■ **Your task**
Only one portion of the data is to be written out: from the line bearing "Answer: Demographic Breakdown" through the line bearing "Answer: 4.8% Which". Write it exactly as it appears.

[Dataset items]
——

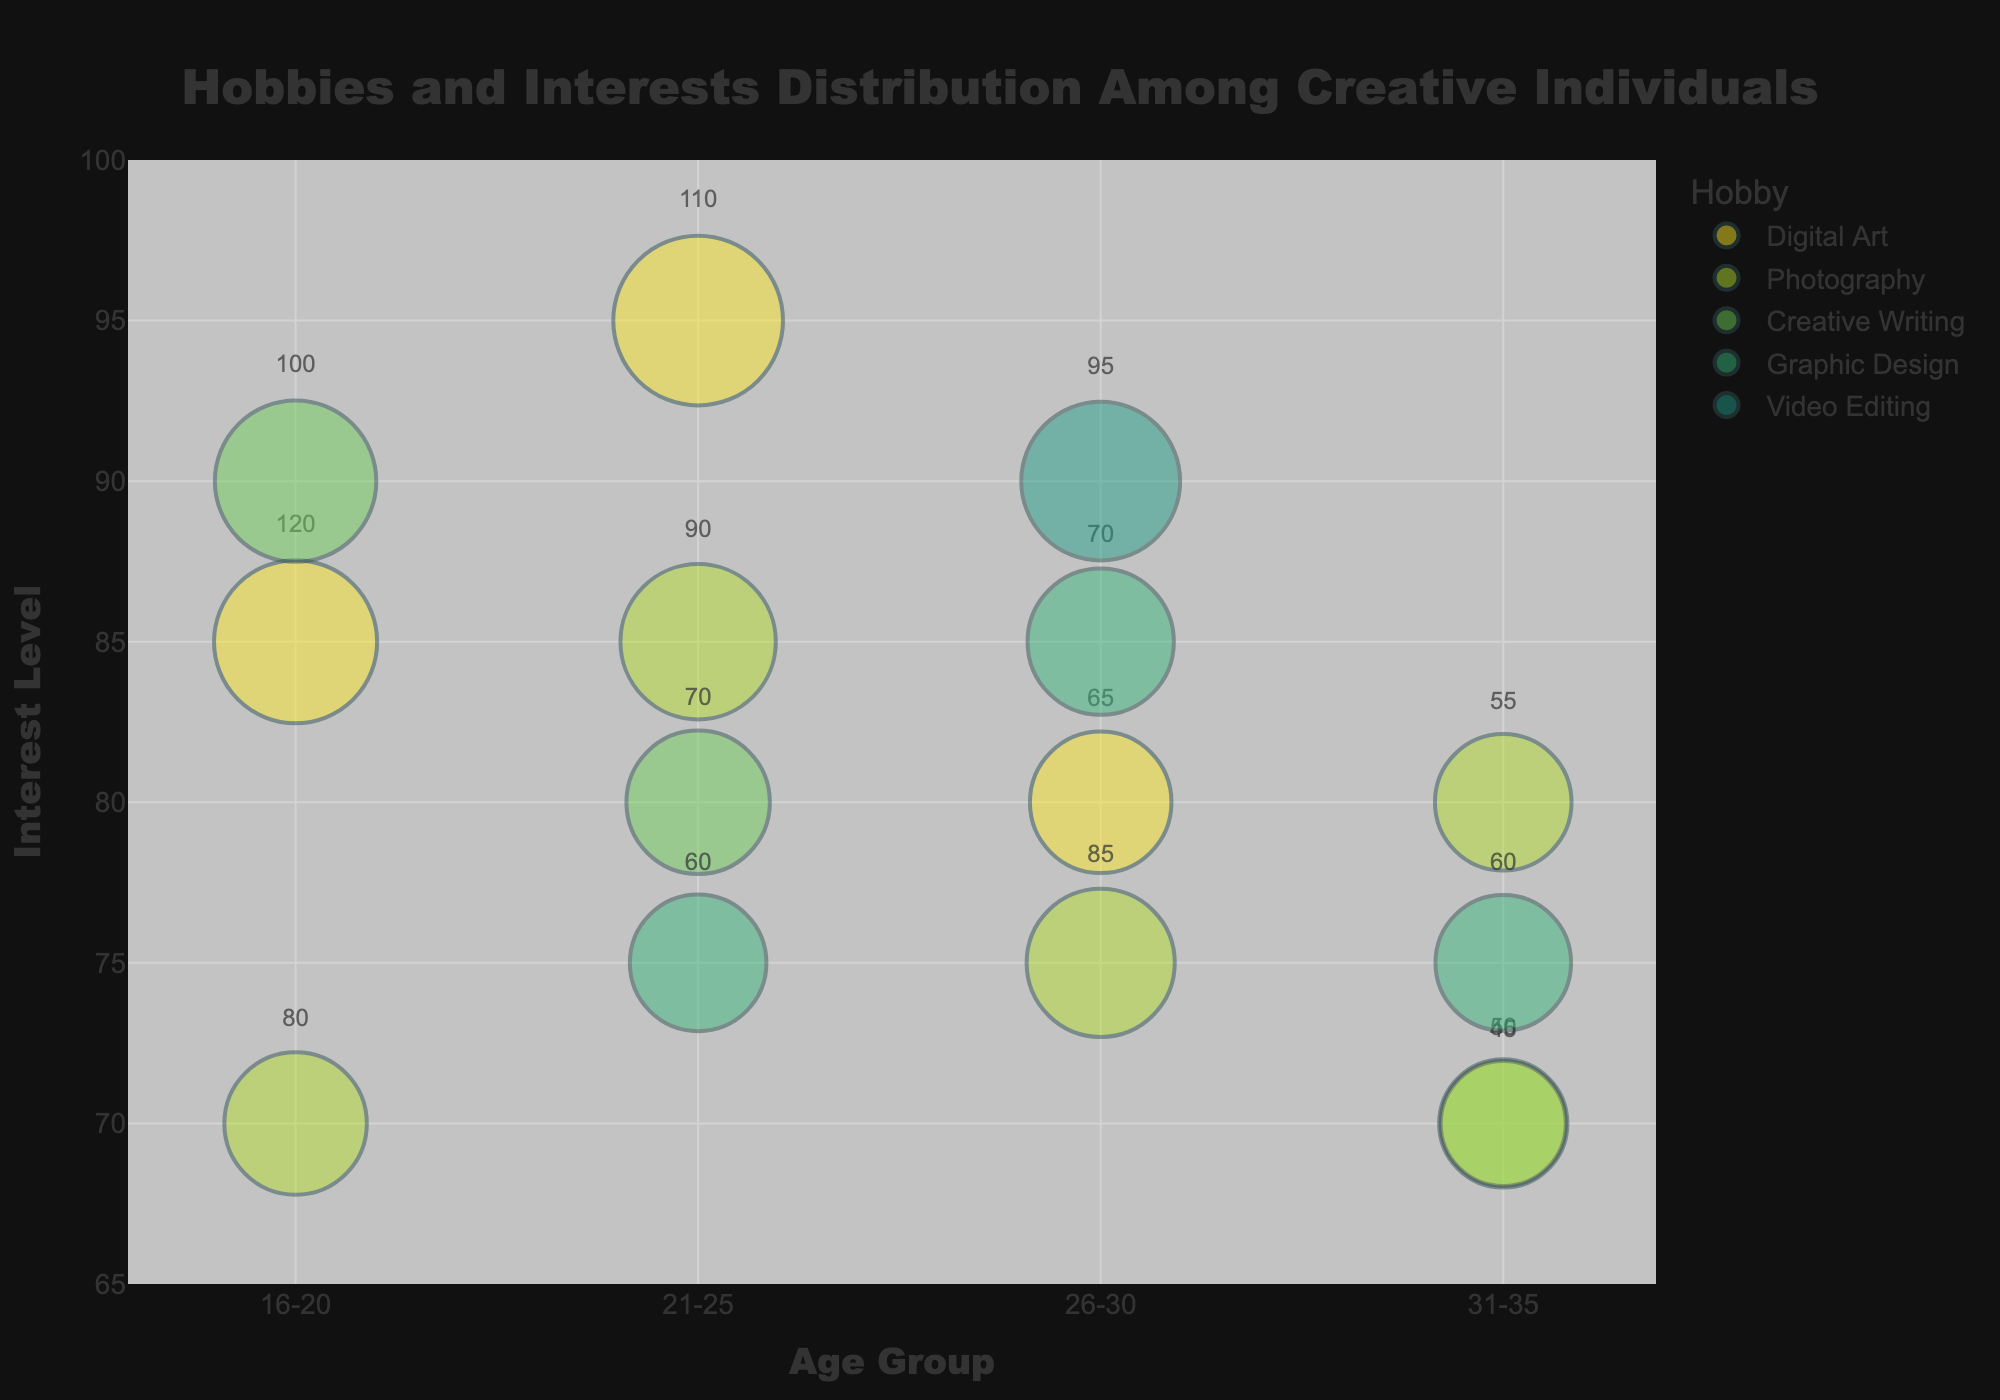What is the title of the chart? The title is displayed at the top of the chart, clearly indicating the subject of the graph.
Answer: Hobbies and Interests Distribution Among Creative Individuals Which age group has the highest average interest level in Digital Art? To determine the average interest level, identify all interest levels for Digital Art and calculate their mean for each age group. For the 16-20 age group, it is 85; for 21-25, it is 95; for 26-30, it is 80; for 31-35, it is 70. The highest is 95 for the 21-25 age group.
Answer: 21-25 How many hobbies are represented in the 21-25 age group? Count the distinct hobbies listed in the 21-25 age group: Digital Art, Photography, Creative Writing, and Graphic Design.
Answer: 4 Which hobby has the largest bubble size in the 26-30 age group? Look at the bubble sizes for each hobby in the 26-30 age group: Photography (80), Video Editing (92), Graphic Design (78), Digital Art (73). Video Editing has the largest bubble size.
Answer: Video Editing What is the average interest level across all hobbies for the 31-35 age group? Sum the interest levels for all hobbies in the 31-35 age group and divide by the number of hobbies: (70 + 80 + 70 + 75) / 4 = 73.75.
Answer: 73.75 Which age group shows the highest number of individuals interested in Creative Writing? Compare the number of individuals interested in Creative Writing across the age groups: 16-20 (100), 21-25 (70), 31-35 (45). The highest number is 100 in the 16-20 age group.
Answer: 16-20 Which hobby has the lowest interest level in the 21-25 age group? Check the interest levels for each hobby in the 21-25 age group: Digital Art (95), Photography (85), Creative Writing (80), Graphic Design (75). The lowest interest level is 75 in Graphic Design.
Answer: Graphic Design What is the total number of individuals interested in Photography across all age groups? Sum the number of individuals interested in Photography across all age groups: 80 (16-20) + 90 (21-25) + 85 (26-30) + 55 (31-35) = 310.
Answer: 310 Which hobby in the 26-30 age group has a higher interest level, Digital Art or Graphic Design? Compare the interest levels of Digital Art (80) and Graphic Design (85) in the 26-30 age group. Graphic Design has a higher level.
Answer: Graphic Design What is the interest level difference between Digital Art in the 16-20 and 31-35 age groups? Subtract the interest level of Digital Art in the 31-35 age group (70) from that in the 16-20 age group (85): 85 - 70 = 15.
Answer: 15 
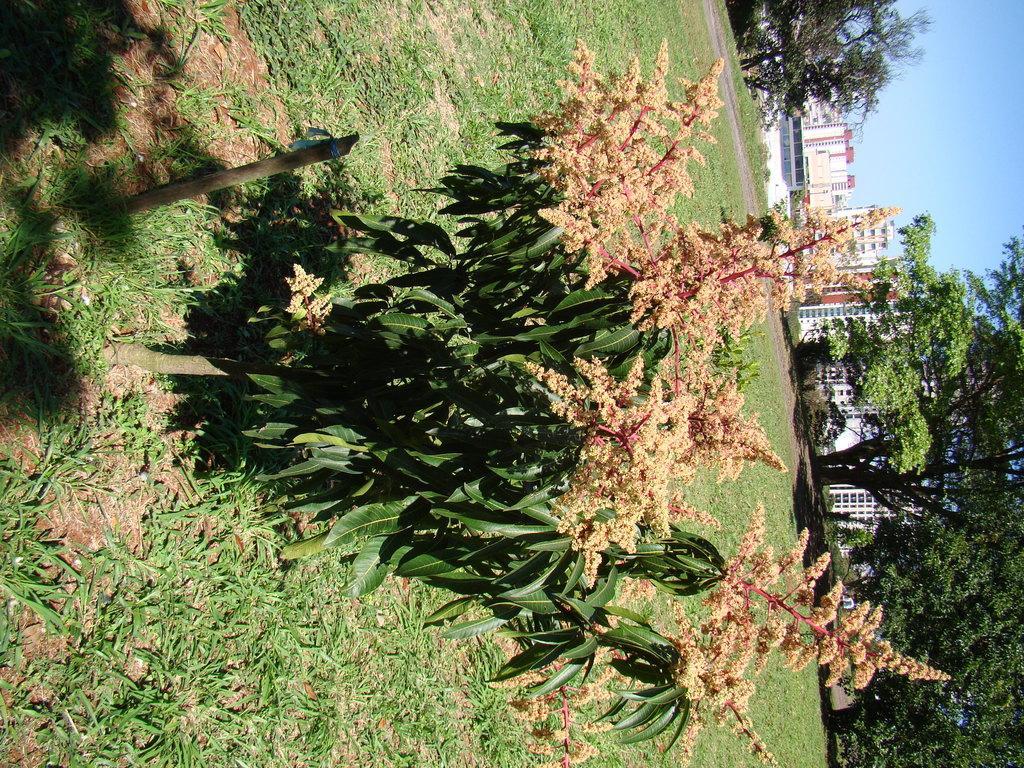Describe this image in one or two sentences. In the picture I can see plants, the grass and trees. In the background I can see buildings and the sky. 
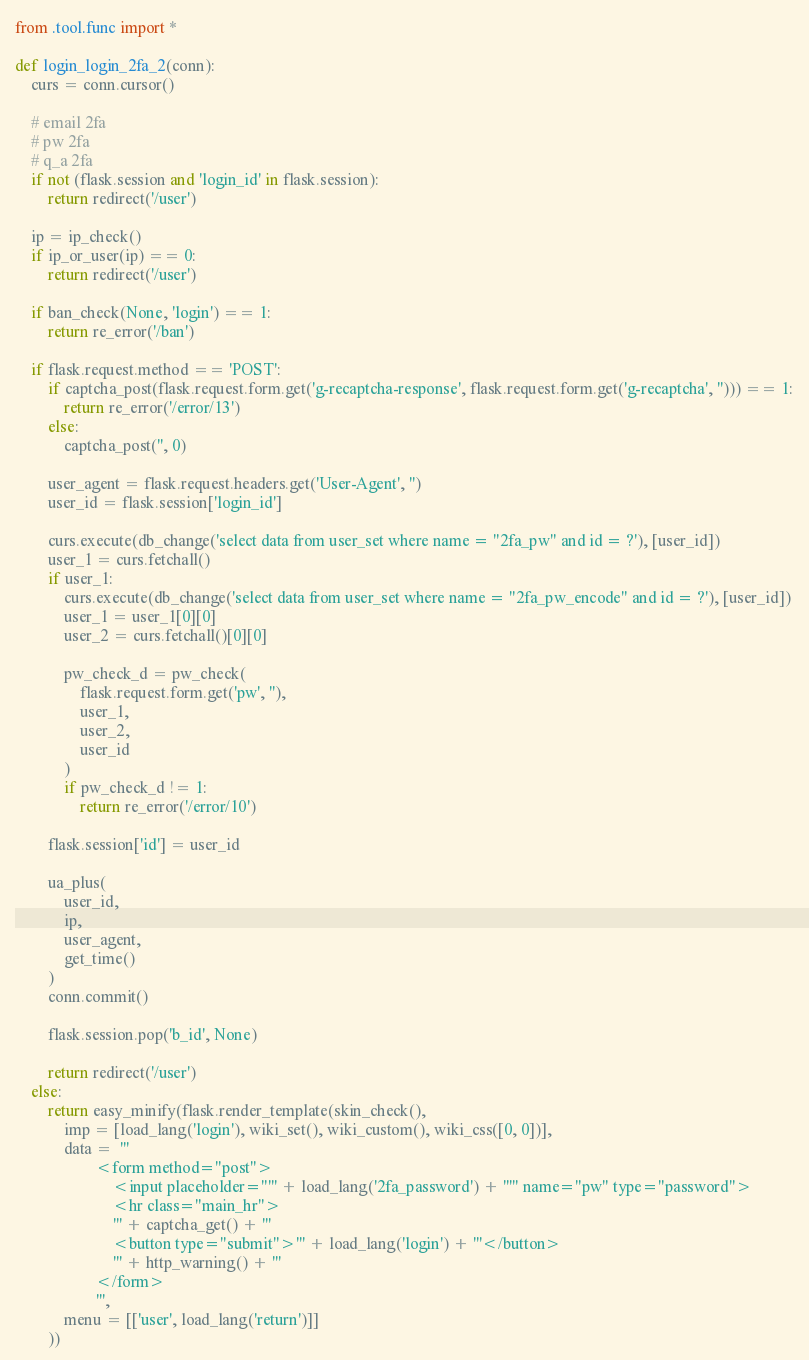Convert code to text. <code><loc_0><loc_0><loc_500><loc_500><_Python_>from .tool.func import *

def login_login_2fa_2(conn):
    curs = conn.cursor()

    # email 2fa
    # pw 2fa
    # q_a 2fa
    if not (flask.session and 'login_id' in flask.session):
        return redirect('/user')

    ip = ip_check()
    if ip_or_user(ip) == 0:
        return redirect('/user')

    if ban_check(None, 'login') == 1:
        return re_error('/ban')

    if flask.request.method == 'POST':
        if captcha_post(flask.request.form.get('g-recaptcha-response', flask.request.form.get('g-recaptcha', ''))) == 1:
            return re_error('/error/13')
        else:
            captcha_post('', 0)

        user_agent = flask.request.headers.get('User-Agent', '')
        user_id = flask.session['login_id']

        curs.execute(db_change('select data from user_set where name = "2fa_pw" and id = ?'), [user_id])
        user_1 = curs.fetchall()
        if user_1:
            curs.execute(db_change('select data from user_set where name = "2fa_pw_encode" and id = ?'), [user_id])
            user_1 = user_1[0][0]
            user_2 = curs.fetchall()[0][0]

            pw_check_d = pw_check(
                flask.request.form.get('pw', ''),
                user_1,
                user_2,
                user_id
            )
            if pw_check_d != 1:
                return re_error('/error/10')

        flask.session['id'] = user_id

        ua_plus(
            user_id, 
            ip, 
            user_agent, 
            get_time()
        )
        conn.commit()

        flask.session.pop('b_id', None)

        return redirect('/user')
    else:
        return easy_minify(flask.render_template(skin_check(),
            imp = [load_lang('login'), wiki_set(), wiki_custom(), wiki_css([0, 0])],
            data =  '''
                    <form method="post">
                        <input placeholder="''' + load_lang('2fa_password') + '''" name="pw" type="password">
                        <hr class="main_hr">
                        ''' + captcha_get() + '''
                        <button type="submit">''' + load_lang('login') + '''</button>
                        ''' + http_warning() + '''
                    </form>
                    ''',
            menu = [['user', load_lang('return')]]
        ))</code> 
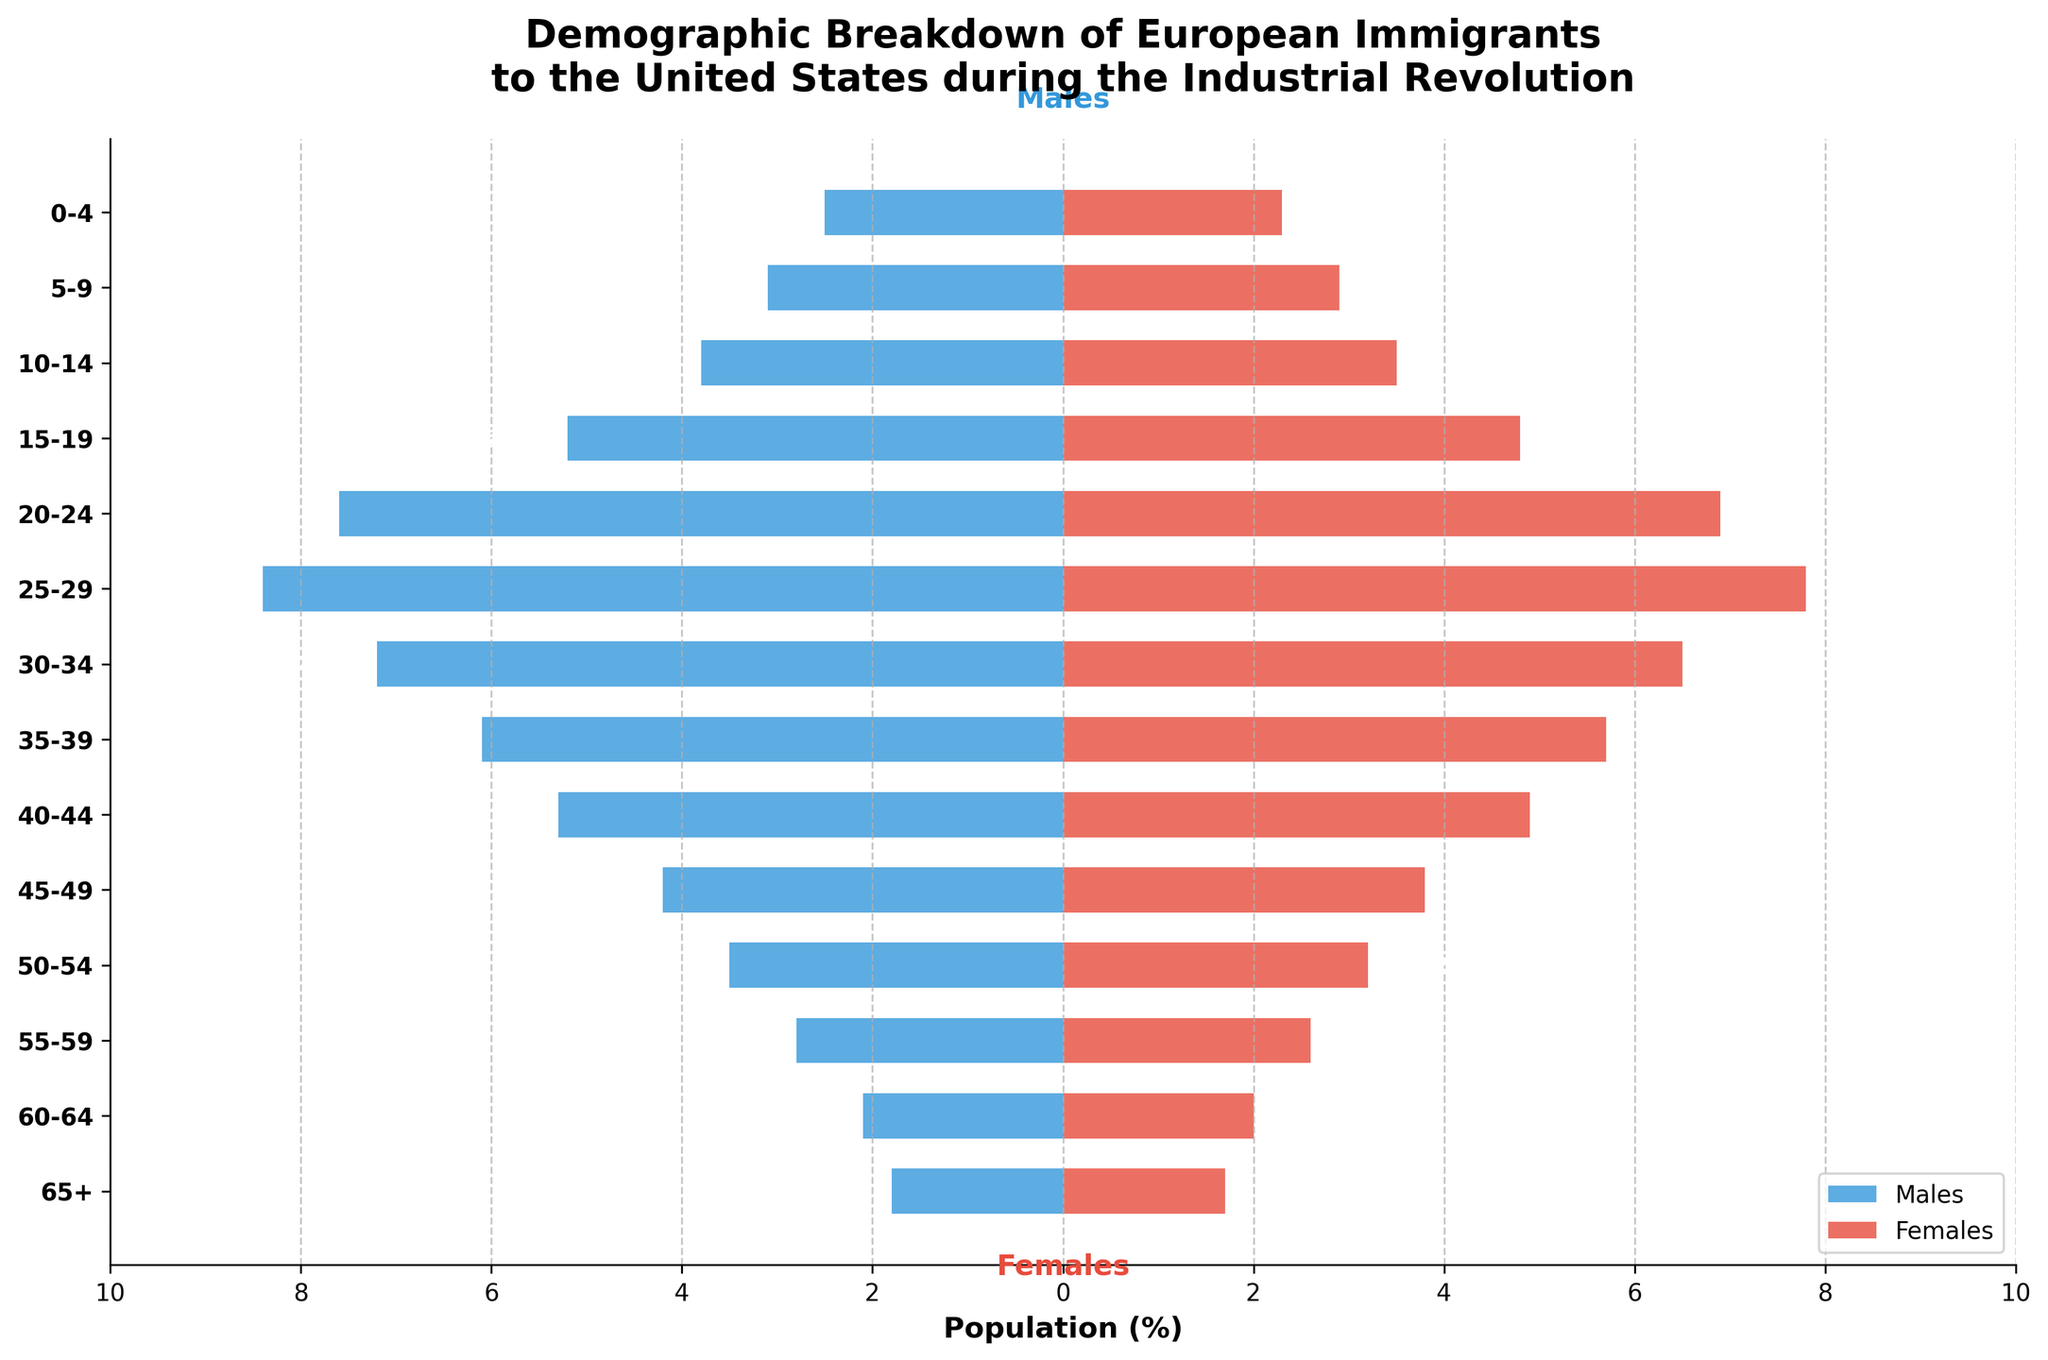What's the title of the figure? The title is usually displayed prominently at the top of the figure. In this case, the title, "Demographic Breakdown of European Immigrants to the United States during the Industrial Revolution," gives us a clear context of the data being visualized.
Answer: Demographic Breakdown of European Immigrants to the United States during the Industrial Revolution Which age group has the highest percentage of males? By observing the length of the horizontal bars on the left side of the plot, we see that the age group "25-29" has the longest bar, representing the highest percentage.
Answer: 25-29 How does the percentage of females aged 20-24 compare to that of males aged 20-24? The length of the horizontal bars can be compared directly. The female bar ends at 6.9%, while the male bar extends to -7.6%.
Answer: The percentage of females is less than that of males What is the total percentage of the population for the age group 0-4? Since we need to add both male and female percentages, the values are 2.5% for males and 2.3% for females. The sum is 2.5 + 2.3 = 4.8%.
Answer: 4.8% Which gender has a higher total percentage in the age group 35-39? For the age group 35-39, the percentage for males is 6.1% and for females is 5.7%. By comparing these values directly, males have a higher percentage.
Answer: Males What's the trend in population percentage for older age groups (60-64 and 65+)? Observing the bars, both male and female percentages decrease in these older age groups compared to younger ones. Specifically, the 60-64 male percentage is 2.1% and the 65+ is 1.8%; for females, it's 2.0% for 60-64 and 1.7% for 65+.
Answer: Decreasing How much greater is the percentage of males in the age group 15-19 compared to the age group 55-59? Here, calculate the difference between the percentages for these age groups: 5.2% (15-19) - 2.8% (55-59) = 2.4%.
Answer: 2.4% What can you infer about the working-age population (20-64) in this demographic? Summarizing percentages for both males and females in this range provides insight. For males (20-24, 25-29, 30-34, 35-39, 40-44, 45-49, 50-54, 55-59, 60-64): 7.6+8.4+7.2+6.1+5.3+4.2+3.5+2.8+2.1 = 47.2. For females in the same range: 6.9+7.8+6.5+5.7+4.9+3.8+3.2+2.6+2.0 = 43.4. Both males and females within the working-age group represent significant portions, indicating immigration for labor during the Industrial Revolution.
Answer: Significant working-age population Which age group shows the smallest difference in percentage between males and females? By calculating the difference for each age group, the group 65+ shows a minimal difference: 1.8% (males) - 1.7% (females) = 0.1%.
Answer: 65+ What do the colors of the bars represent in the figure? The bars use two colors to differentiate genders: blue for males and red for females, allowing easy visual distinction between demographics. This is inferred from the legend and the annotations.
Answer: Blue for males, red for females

——

■ **Answer section**
Answer: Demographic Breakdown of European Immigrants to the United States during the Industrial Revolution Which age group has the highest percentage of males? By observing the length of the horizontal bars on the left side of the plot, we see that the age group "25-29" has the longest bar, representing the highest percentage.
Answer: 25-29 How does the percentage of females aged 20-24 compare to that of males aged 20-24? The length of the horizontal bars can be compared directly. The female bar ends at 6.9%, while the male bar extends to -7.6%.
Answer: The percentage of females is less than that of males What is the total percentage of the population for the age group 0-4? Since we need to add both male and female percentages, the values are 2.5% for males and 2.3% for females. The sum is 2.5 + 2.3 = 4.8%.
Answer: 4.8% Which gender has a higher total percentage in the age group 35-39? For the age group 35-39, the percentage for males is 6.1% and for females is 5.7%. By comparing these values directly, males have a higher percentage.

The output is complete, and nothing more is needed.